(Source material)
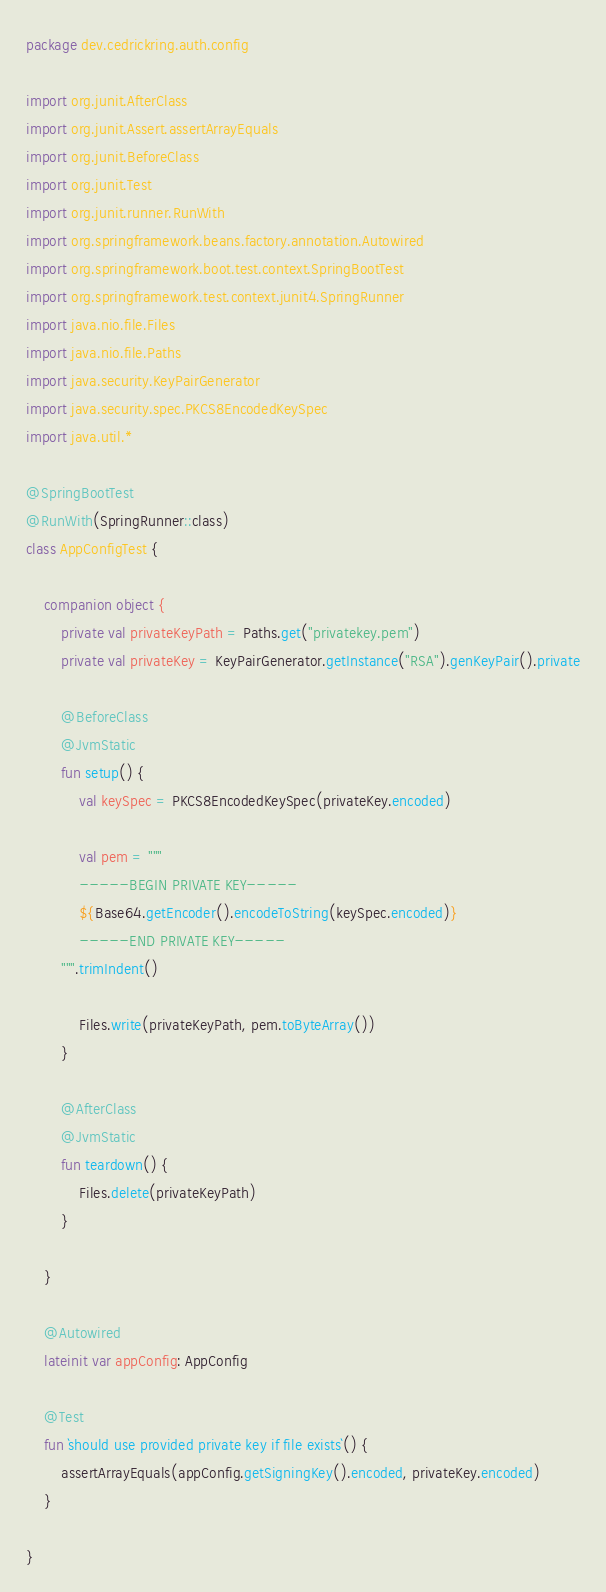<code> <loc_0><loc_0><loc_500><loc_500><_Kotlin_>package dev.cedrickring.auth.config

import org.junit.AfterClass
import org.junit.Assert.assertArrayEquals
import org.junit.BeforeClass
import org.junit.Test
import org.junit.runner.RunWith
import org.springframework.beans.factory.annotation.Autowired
import org.springframework.boot.test.context.SpringBootTest
import org.springframework.test.context.junit4.SpringRunner
import java.nio.file.Files
import java.nio.file.Paths
import java.security.KeyPairGenerator
import java.security.spec.PKCS8EncodedKeySpec
import java.util.*

@SpringBootTest
@RunWith(SpringRunner::class)
class AppConfigTest {

    companion object {
        private val privateKeyPath = Paths.get("privatekey.pem")
        private val privateKey = KeyPairGenerator.getInstance("RSA").genKeyPair().private

        @BeforeClass
        @JvmStatic
        fun setup() {
            val keySpec = PKCS8EncodedKeySpec(privateKey.encoded)

            val pem = """
            -----BEGIN PRIVATE KEY-----
            ${Base64.getEncoder().encodeToString(keySpec.encoded)}
            -----END PRIVATE KEY-----
        """.trimIndent()

            Files.write(privateKeyPath, pem.toByteArray())
        }

        @AfterClass
        @JvmStatic
        fun teardown() {
            Files.delete(privateKeyPath)
        }

    }

    @Autowired
    lateinit var appConfig: AppConfig

    @Test
    fun `should use provided private key if file exists`() {
        assertArrayEquals(appConfig.getSigningKey().encoded, privateKey.encoded)
    }

}
</code> 
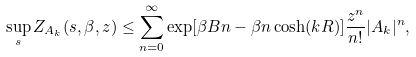<formula> <loc_0><loc_0><loc_500><loc_500>\sup _ { s } Z _ { A _ { k } } ( s , \beta , z ) \leq \sum _ { n = 0 } ^ { \infty } \exp [ \beta B n - \beta n \cosh ( k R ) ] \frac { z ^ { n } } { n ! } | A _ { k } | ^ { n } ,</formula> 
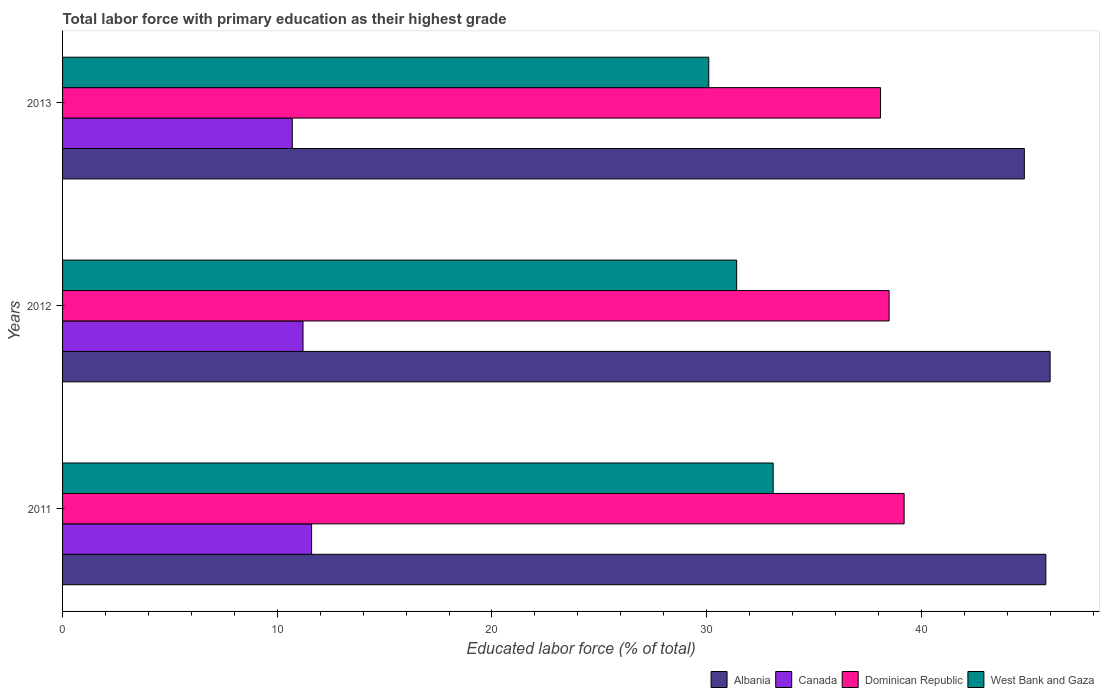How many different coloured bars are there?
Make the answer very short. 4. How many bars are there on the 1st tick from the top?
Your answer should be very brief. 4. What is the percentage of total labor force with primary education in Dominican Republic in 2011?
Offer a terse response. 39.2. Across all years, what is the minimum percentage of total labor force with primary education in Dominican Republic?
Your answer should be very brief. 38.1. In which year was the percentage of total labor force with primary education in West Bank and Gaza maximum?
Provide a short and direct response. 2011. In which year was the percentage of total labor force with primary education in Dominican Republic minimum?
Your answer should be compact. 2013. What is the total percentage of total labor force with primary education in West Bank and Gaza in the graph?
Your response must be concise. 94.6. What is the difference between the percentage of total labor force with primary education in Albania in 2011 and that in 2013?
Offer a terse response. 1. What is the difference between the percentage of total labor force with primary education in Canada in 2011 and the percentage of total labor force with primary education in Dominican Republic in 2013?
Provide a short and direct response. -26.5. What is the average percentage of total labor force with primary education in West Bank and Gaza per year?
Make the answer very short. 31.53. What is the ratio of the percentage of total labor force with primary education in West Bank and Gaza in 2011 to that in 2012?
Ensure brevity in your answer.  1.05. What is the difference between the highest and the second highest percentage of total labor force with primary education in West Bank and Gaza?
Provide a succinct answer. 1.7. What is the difference between the highest and the lowest percentage of total labor force with primary education in West Bank and Gaza?
Give a very brief answer. 3. In how many years, is the percentage of total labor force with primary education in Canada greater than the average percentage of total labor force with primary education in Canada taken over all years?
Your answer should be very brief. 2. Is it the case that in every year, the sum of the percentage of total labor force with primary education in Dominican Republic and percentage of total labor force with primary education in Canada is greater than the sum of percentage of total labor force with primary education in Albania and percentage of total labor force with primary education in West Bank and Gaza?
Offer a very short reply. No. What does the 1st bar from the top in 2012 represents?
Make the answer very short. West Bank and Gaza. What does the 1st bar from the bottom in 2013 represents?
Keep it short and to the point. Albania. Is it the case that in every year, the sum of the percentage of total labor force with primary education in Dominican Republic and percentage of total labor force with primary education in West Bank and Gaza is greater than the percentage of total labor force with primary education in Canada?
Your answer should be compact. Yes. Are all the bars in the graph horizontal?
Provide a succinct answer. Yes. How many years are there in the graph?
Offer a terse response. 3. What is the difference between two consecutive major ticks on the X-axis?
Your answer should be compact. 10. Are the values on the major ticks of X-axis written in scientific E-notation?
Your answer should be compact. No. Does the graph contain any zero values?
Ensure brevity in your answer.  No. Where does the legend appear in the graph?
Ensure brevity in your answer.  Bottom right. How are the legend labels stacked?
Give a very brief answer. Horizontal. What is the title of the graph?
Provide a succinct answer. Total labor force with primary education as their highest grade. What is the label or title of the X-axis?
Your answer should be very brief. Educated labor force (% of total). What is the label or title of the Y-axis?
Give a very brief answer. Years. What is the Educated labor force (% of total) of Albania in 2011?
Your response must be concise. 45.8. What is the Educated labor force (% of total) of Canada in 2011?
Your answer should be very brief. 11.6. What is the Educated labor force (% of total) of Dominican Republic in 2011?
Offer a very short reply. 39.2. What is the Educated labor force (% of total) of West Bank and Gaza in 2011?
Provide a succinct answer. 33.1. What is the Educated labor force (% of total) in Canada in 2012?
Provide a short and direct response. 11.2. What is the Educated labor force (% of total) in Dominican Republic in 2012?
Provide a succinct answer. 38.5. What is the Educated labor force (% of total) in West Bank and Gaza in 2012?
Provide a short and direct response. 31.4. What is the Educated labor force (% of total) in Albania in 2013?
Give a very brief answer. 44.8. What is the Educated labor force (% of total) in Canada in 2013?
Make the answer very short. 10.7. What is the Educated labor force (% of total) in Dominican Republic in 2013?
Offer a very short reply. 38.1. What is the Educated labor force (% of total) in West Bank and Gaza in 2013?
Your answer should be compact. 30.1. Across all years, what is the maximum Educated labor force (% of total) of Canada?
Provide a short and direct response. 11.6. Across all years, what is the maximum Educated labor force (% of total) in Dominican Republic?
Make the answer very short. 39.2. Across all years, what is the maximum Educated labor force (% of total) of West Bank and Gaza?
Your answer should be compact. 33.1. Across all years, what is the minimum Educated labor force (% of total) in Albania?
Ensure brevity in your answer.  44.8. Across all years, what is the minimum Educated labor force (% of total) of Canada?
Make the answer very short. 10.7. Across all years, what is the minimum Educated labor force (% of total) in Dominican Republic?
Your answer should be very brief. 38.1. Across all years, what is the minimum Educated labor force (% of total) of West Bank and Gaza?
Ensure brevity in your answer.  30.1. What is the total Educated labor force (% of total) of Albania in the graph?
Provide a succinct answer. 136.6. What is the total Educated labor force (% of total) in Canada in the graph?
Provide a short and direct response. 33.5. What is the total Educated labor force (% of total) of Dominican Republic in the graph?
Keep it short and to the point. 115.8. What is the total Educated labor force (% of total) of West Bank and Gaza in the graph?
Your answer should be compact. 94.6. What is the difference between the Educated labor force (% of total) of Dominican Republic in 2011 and that in 2013?
Make the answer very short. 1.1. What is the difference between the Educated labor force (% of total) in West Bank and Gaza in 2011 and that in 2013?
Give a very brief answer. 3. What is the difference between the Educated labor force (% of total) in Canada in 2012 and that in 2013?
Offer a terse response. 0.5. What is the difference between the Educated labor force (% of total) in Albania in 2011 and the Educated labor force (% of total) in Canada in 2012?
Provide a short and direct response. 34.6. What is the difference between the Educated labor force (% of total) of Albania in 2011 and the Educated labor force (% of total) of West Bank and Gaza in 2012?
Give a very brief answer. 14.4. What is the difference between the Educated labor force (% of total) of Canada in 2011 and the Educated labor force (% of total) of Dominican Republic in 2012?
Give a very brief answer. -26.9. What is the difference between the Educated labor force (% of total) of Canada in 2011 and the Educated labor force (% of total) of West Bank and Gaza in 2012?
Provide a short and direct response. -19.8. What is the difference between the Educated labor force (% of total) of Dominican Republic in 2011 and the Educated labor force (% of total) of West Bank and Gaza in 2012?
Make the answer very short. 7.8. What is the difference between the Educated labor force (% of total) of Albania in 2011 and the Educated labor force (% of total) of Canada in 2013?
Make the answer very short. 35.1. What is the difference between the Educated labor force (% of total) in Albania in 2011 and the Educated labor force (% of total) in Dominican Republic in 2013?
Provide a succinct answer. 7.7. What is the difference between the Educated labor force (% of total) of Canada in 2011 and the Educated labor force (% of total) of Dominican Republic in 2013?
Offer a terse response. -26.5. What is the difference between the Educated labor force (% of total) of Canada in 2011 and the Educated labor force (% of total) of West Bank and Gaza in 2013?
Your answer should be compact. -18.5. What is the difference between the Educated labor force (% of total) in Dominican Republic in 2011 and the Educated labor force (% of total) in West Bank and Gaza in 2013?
Offer a very short reply. 9.1. What is the difference between the Educated labor force (% of total) of Albania in 2012 and the Educated labor force (% of total) of Canada in 2013?
Your response must be concise. 35.3. What is the difference between the Educated labor force (% of total) of Albania in 2012 and the Educated labor force (% of total) of Dominican Republic in 2013?
Offer a terse response. 7.9. What is the difference between the Educated labor force (% of total) in Albania in 2012 and the Educated labor force (% of total) in West Bank and Gaza in 2013?
Give a very brief answer. 15.9. What is the difference between the Educated labor force (% of total) in Canada in 2012 and the Educated labor force (% of total) in Dominican Republic in 2013?
Your response must be concise. -26.9. What is the difference between the Educated labor force (% of total) in Canada in 2012 and the Educated labor force (% of total) in West Bank and Gaza in 2013?
Offer a terse response. -18.9. What is the difference between the Educated labor force (% of total) of Dominican Republic in 2012 and the Educated labor force (% of total) of West Bank and Gaza in 2013?
Your answer should be compact. 8.4. What is the average Educated labor force (% of total) in Albania per year?
Your response must be concise. 45.53. What is the average Educated labor force (% of total) in Canada per year?
Your answer should be compact. 11.17. What is the average Educated labor force (% of total) in Dominican Republic per year?
Offer a very short reply. 38.6. What is the average Educated labor force (% of total) of West Bank and Gaza per year?
Give a very brief answer. 31.53. In the year 2011, what is the difference between the Educated labor force (% of total) of Albania and Educated labor force (% of total) of Canada?
Provide a succinct answer. 34.2. In the year 2011, what is the difference between the Educated labor force (% of total) of Albania and Educated labor force (% of total) of Dominican Republic?
Give a very brief answer. 6.6. In the year 2011, what is the difference between the Educated labor force (% of total) in Albania and Educated labor force (% of total) in West Bank and Gaza?
Your answer should be compact. 12.7. In the year 2011, what is the difference between the Educated labor force (% of total) of Canada and Educated labor force (% of total) of Dominican Republic?
Offer a very short reply. -27.6. In the year 2011, what is the difference between the Educated labor force (% of total) of Canada and Educated labor force (% of total) of West Bank and Gaza?
Your response must be concise. -21.5. In the year 2011, what is the difference between the Educated labor force (% of total) of Dominican Republic and Educated labor force (% of total) of West Bank and Gaza?
Offer a very short reply. 6.1. In the year 2012, what is the difference between the Educated labor force (% of total) of Albania and Educated labor force (% of total) of Canada?
Offer a terse response. 34.8. In the year 2012, what is the difference between the Educated labor force (% of total) in Albania and Educated labor force (% of total) in Dominican Republic?
Give a very brief answer. 7.5. In the year 2012, what is the difference between the Educated labor force (% of total) of Canada and Educated labor force (% of total) of Dominican Republic?
Ensure brevity in your answer.  -27.3. In the year 2012, what is the difference between the Educated labor force (% of total) in Canada and Educated labor force (% of total) in West Bank and Gaza?
Your answer should be compact. -20.2. In the year 2012, what is the difference between the Educated labor force (% of total) of Dominican Republic and Educated labor force (% of total) of West Bank and Gaza?
Ensure brevity in your answer.  7.1. In the year 2013, what is the difference between the Educated labor force (% of total) of Albania and Educated labor force (% of total) of Canada?
Make the answer very short. 34.1. In the year 2013, what is the difference between the Educated labor force (% of total) in Albania and Educated labor force (% of total) in Dominican Republic?
Offer a very short reply. 6.7. In the year 2013, what is the difference between the Educated labor force (% of total) of Canada and Educated labor force (% of total) of Dominican Republic?
Ensure brevity in your answer.  -27.4. In the year 2013, what is the difference between the Educated labor force (% of total) of Canada and Educated labor force (% of total) of West Bank and Gaza?
Your answer should be very brief. -19.4. What is the ratio of the Educated labor force (% of total) of Canada in 2011 to that in 2012?
Make the answer very short. 1.04. What is the ratio of the Educated labor force (% of total) in Dominican Republic in 2011 to that in 2012?
Provide a succinct answer. 1.02. What is the ratio of the Educated labor force (% of total) in West Bank and Gaza in 2011 to that in 2012?
Your answer should be compact. 1.05. What is the ratio of the Educated labor force (% of total) of Albania in 2011 to that in 2013?
Offer a very short reply. 1.02. What is the ratio of the Educated labor force (% of total) of Canada in 2011 to that in 2013?
Provide a short and direct response. 1.08. What is the ratio of the Educated labor force (% of total) in Dominican Republic in 2011 to that in 2013?
Make the answer very short. 1.03. What is the ratio of the Educated labor force (% of total) in West Bank and Gaza in 2011 to that in 2013?
Your answer should be compact. 1.1. What is the ratio of the Educated labor force (% of total) of Albania in 2012 to that in 2013?
Your answer should be very brief. 1.03. What is the ratio of the Educated labor force (% of total) in Canada in 2012 to that in 2013?
Keep it short and to the point. 1.05. What is the ratio of the Educated labor force (% of total) in Dominican Republic in 2012 to that in 2013?
Your answer should be compact. 1.01. What is the ratio of the Educated labor force (% of total) of West Bank and Gaza in 2012 to that in 2013?
Offer a very short reply. 1.04. What is the difference between the highest and the second highest Educated labor force (% of total) of Albania?
Ensure brevity in your answer.  0.2. What is the difference between the highest and the second highest Educated labor force (% of total) of Canada?
Make the answer very short. 0.4. What is the difference between the highest and the second highest Educated labor force (% of total) in Dominican Republic?
Give a very brief answer. 0.7. What is the difference between the highest and the second highest Educated labor force (% of total) of West Bank and Gaza?
Offer a terse response. 1.7. What is the difference between the highest and the lowest Educated labor force (% of total) of Dominican Republic?
Your response must be concise. 1.1.
(End Source material)
* [Exercise goal]
Pick each line holding the word "BeforeClass" out of the data and copy it.

* [Response area]
import org.junit.BeforeClass
        @BeforeClass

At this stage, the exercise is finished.